Ao final da reportagem, Sérgio Carvalho comentou sobre os passos para levar “Noites Alienígenas” para o grande público. “No momento, estamos cuidando da distribuição do filme. Vamos entrar em 50 salas de todo o País, por via da Vitrine Filmes, que entrou em parceria com a gente, mesmo antes do festival de gramado, ou seja: tivemos muita sorte porque ela está nos dando todo o suporte, com uma estrutura inédita para um filme do Norte do País. Quanto a novos projetos, temos muitos, mas, ainda nenhum escolhido”, finalizou.
Sinopse
Rio Branco, Acre, cidade amazônica nas proximidades da fronteira com Peru e Bolívia, vem sofrendo os impactos das recentes mudanças das rotas de tráfico, que chegaram com violência na Amazônia brasileira. Filho de Beatriz (Joana Gatis), Rivelino (Gabriel Knoxx) é o jovem rapper e grafiteiro que deixa sua arte em forma de nave espacial pelos muros da cidade. “Aviãozinho” de um traficante das antigas, Alê (Chico Diaz), que não se rende ao modelo do crime organizado que, a cada dia, ganha mais espaço, de forma violenta, nas periferias de Rio Branco.
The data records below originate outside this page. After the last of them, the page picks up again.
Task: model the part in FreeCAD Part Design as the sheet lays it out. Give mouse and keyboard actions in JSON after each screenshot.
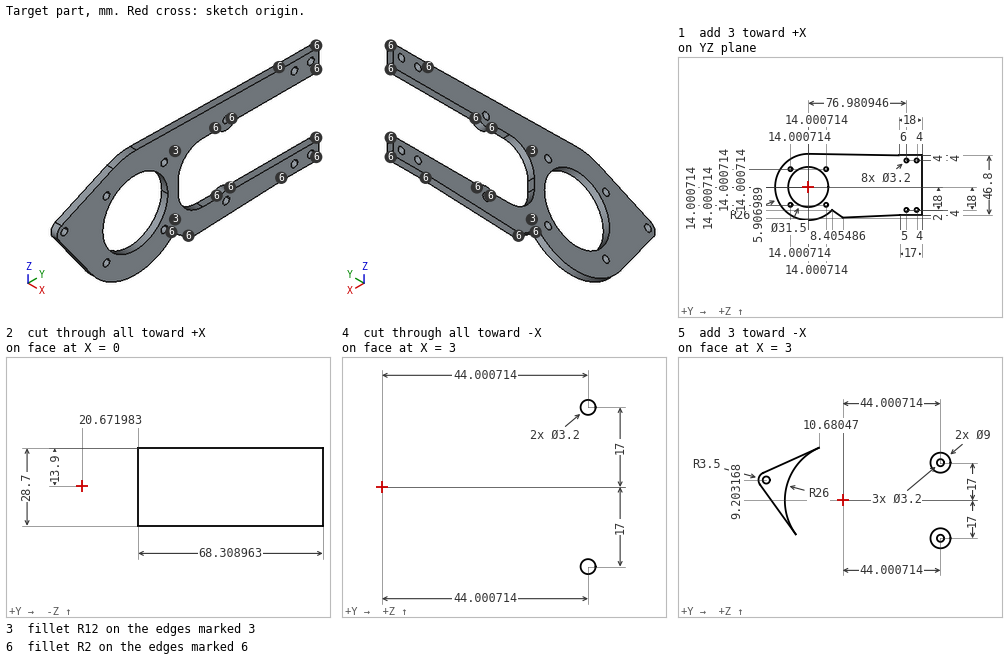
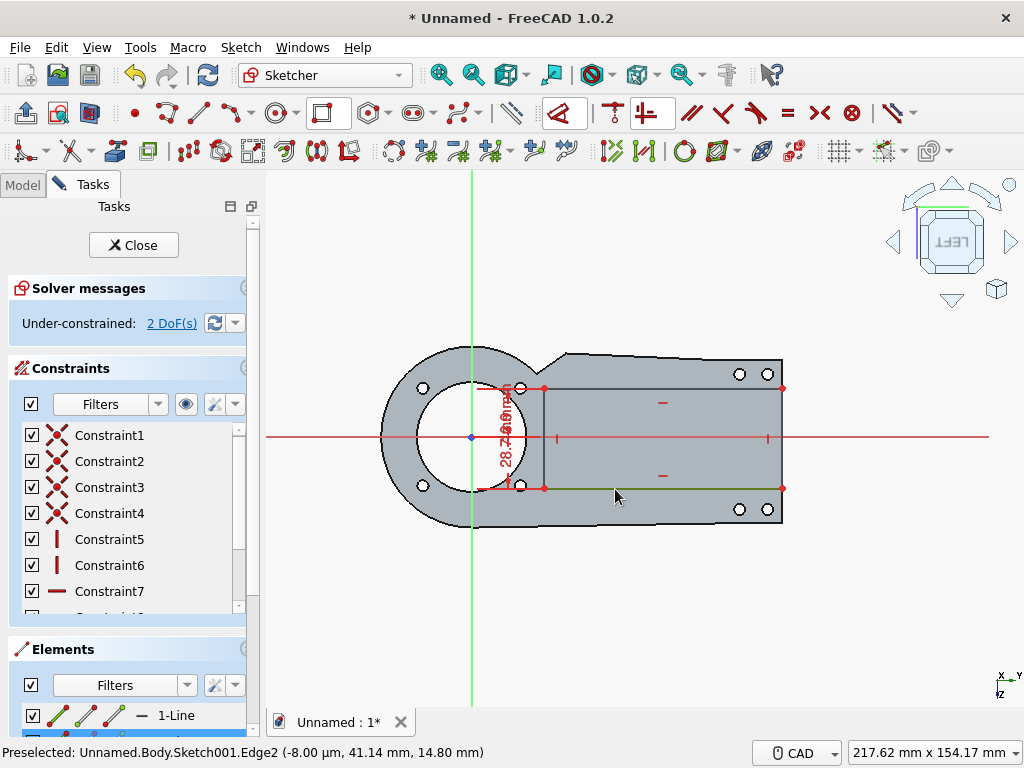
{"action": "left_click", "coordinate": [582, 114]}
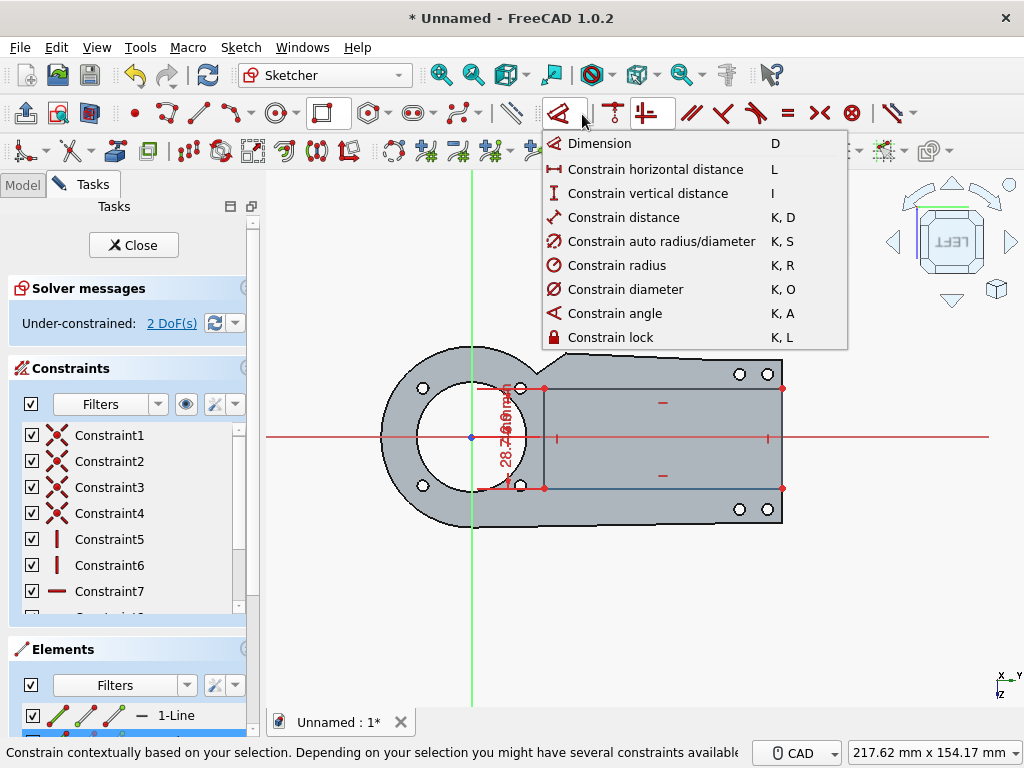
{"action": "left_click", "coordinate": [695, 169]}
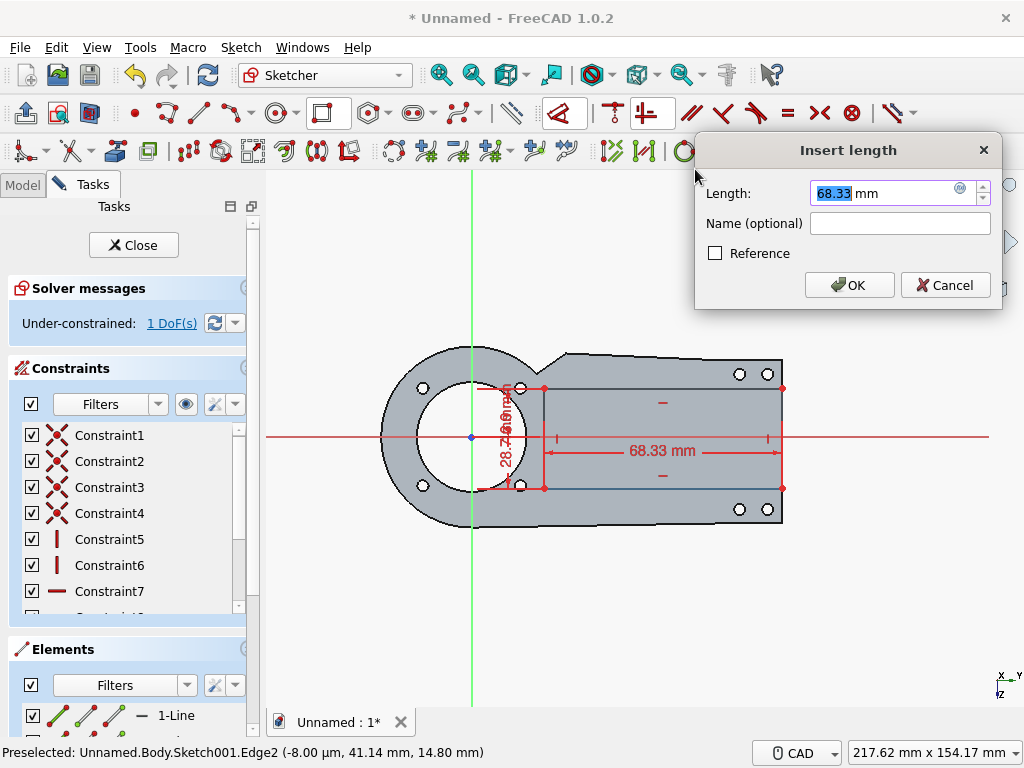
{"action": "type", "text": "68.308963"}
{"action": "key", "text": "Return"}

Já Paulo (Adanilo Reis) é um jovem indígena, dependente químico, que é assombrado pela ancestralidade de seu povo e, também, enfrenta seu vício em pasta base de cocaína. Filho de Marta (Chica Arara), indígena e evangélica, que frente ao vício do filho, acaba por buscar suas raízes. Sandra (Gleice Damasceno), jovem negra e empoderada, mãe do filho de Paulo, tem na cultura Hip Hop um refúgio e espaço de resistência.
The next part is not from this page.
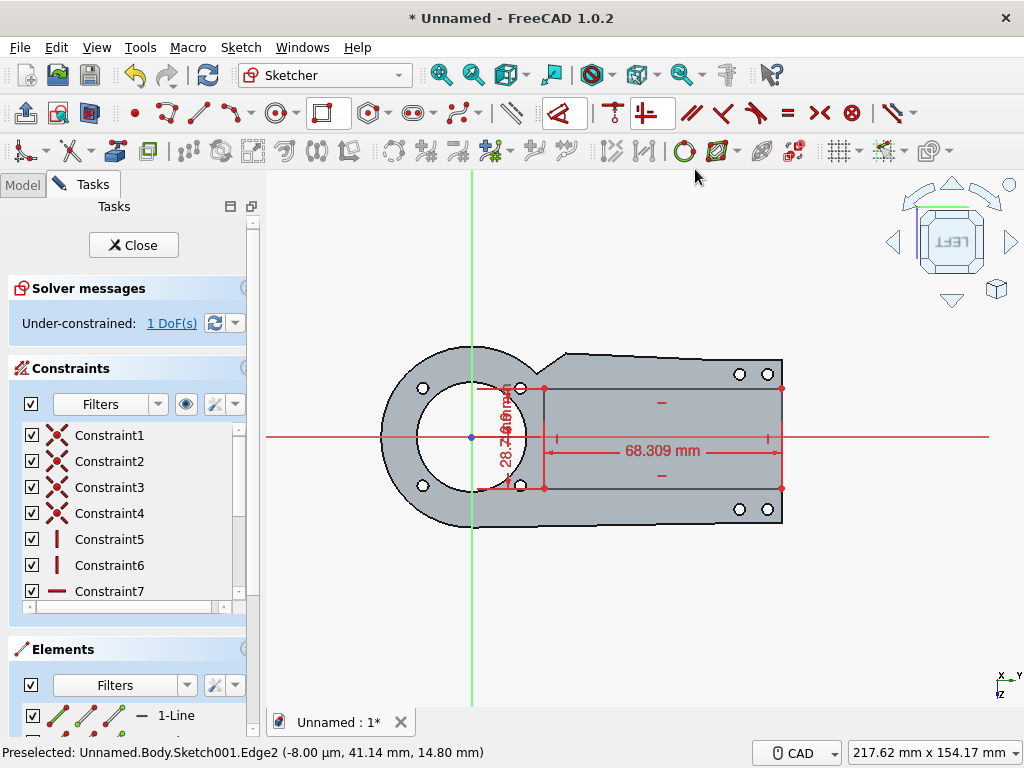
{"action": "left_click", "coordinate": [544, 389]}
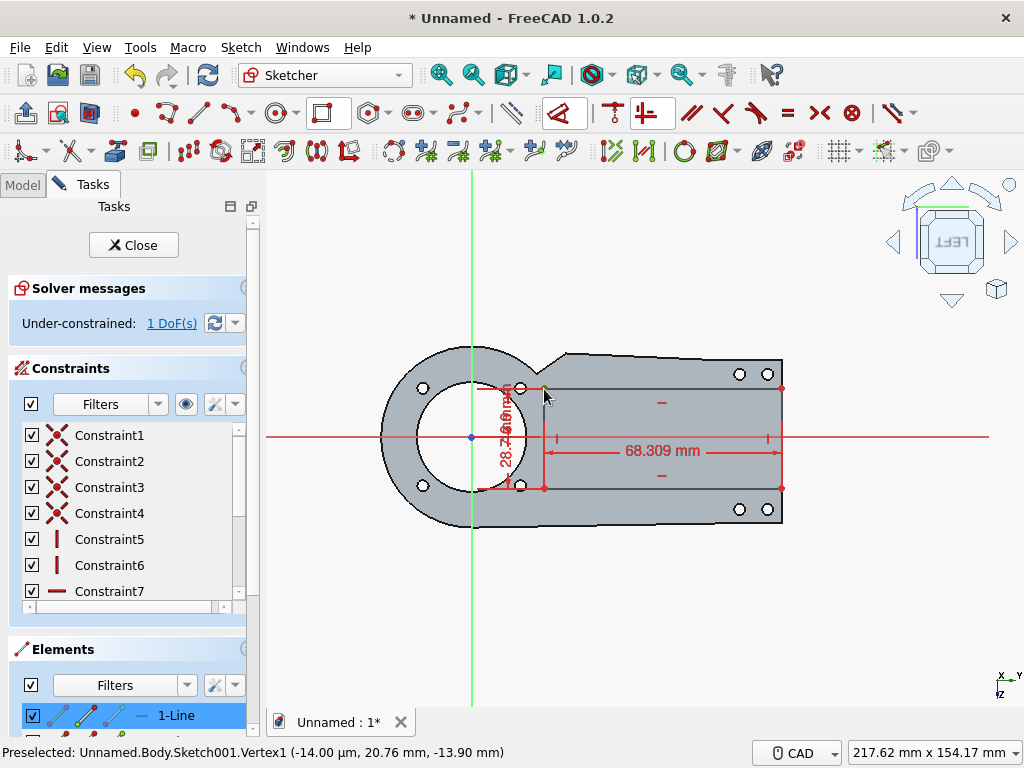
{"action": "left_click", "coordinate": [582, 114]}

O destino destes três jovens da periferia se encontra de maneira trágica e redentora. Neste sentido, o filme traz uma Amazônia urbana ainda pouco mostrada e conhecida, que na negação de sua identidade de floresta acaba por revelar dramas identitários profundos em toda uma geração. Com toques de realismo mágico, “Noites Alienígenas” aborda resistência, ancestralidade e juventude em um Brasil cada dia mais bélico e autoritário, que nega suas raízes formadoras: negra e indígena.